Conducting T-Tests in R
lets expand and learn more about t.test()
…
Importing and inspecting data
Use read.csv()
or other relevant functions to bring your data into R. Always inspect the dataset first.
Make sure your data are in the correct format for the t-test you want to conduct.
If your data are in tabular format (e.g., one row per observation): Which columns correspond to your grouping variable? Which columns contain the values you want to test?
If your data are not in tabular format, you may need to reshape them using functions like pivot_longer()
or pivot_wider()
from the tidyverse
package.
You may also be able to simply index those columns directly in your t.test call, like we did in the previous section.
Conducting different types of t-tests
a one-sample t-test
To test if the mean of a group differs from a known value:
# Assuming 'value' is the known value you're comparing against
t.test(
column_name ~ group_column,
data = data,
mu = value,
alternative = "two.sided" / "less" / "greater"
)
a two-sample t-test
For comparing the means of two independent groups:
# Assuming 'group_column' is a binary factor indicating the two groups you want to compare
t.test(
column_name ~ group_column,
data = data,
var.equal = TRUE / FALSE,
alternative = "two.sided" / "less" / "greater"
)
a paired t-test
For dependent or paired samples:
# 'before_column' and 'after_column' should be in long format with a grouping variable indicating the 'before' and 'after' measurements
t.test(
value_column ~ time_column,
data = data,
paired = TRUE,
alternative = "two.sided" / "less" / "greater"
)
The tilde notation
In R, the tilde (~
) is often used to denote a formula.
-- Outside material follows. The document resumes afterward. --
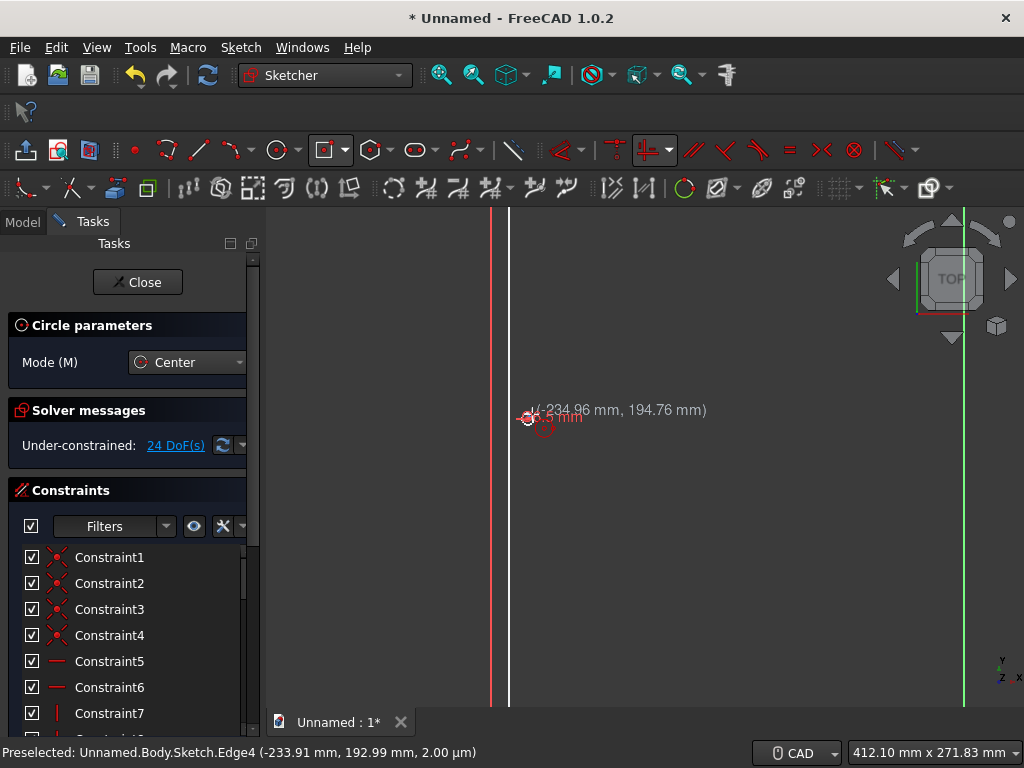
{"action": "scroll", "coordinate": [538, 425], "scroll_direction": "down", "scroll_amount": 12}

The t.test()
function can accept formulas as an argument when the test is applied to data in a data frame.
When you see a formula like:
response ~ group
It typically means that you’re specifying a relationship where “response” is modeled or tested as a function of “group”. In simpler terms, you’re looking at how “response” varies by “group”.
In the context of t.test()
, if you use a formula like the one above, you’re indicating that you want to perform a t-test to compare the means of the “response” variable across different levels of the “group” variable.
Other arguments to t.test
column_name: This is the column of your data that contains the values you wish to test.
group_column: A binary factor column that distinguishes between the group you want to test and other potential groups in the dataset.
data: The name of the dataframe that contains the columns mentioned.
mu: This is the known or hypothesized value of the mean you’re comparing your sample mean against.
-
alternative: Specifies the kind of test to be conducted.
“two.sided” (default): Tests if the sample mean is different from the hypothesized mean.
“less”: Tests if the sample mean is less than the hypothesized mean.
“greater”: Tests if the sample mean is greater than the hypothesized mean.
-
var.equal: A logical variable indicating whether to treat the two variances as being equal. If
TRUE
, then a pooled variance is used to estimate the variance, otherwise separate variances are used.TRUE
: Assumes equal variance (classic two-sample t-test).FALSE
: Does not assume equal variance (Welch’s t-test).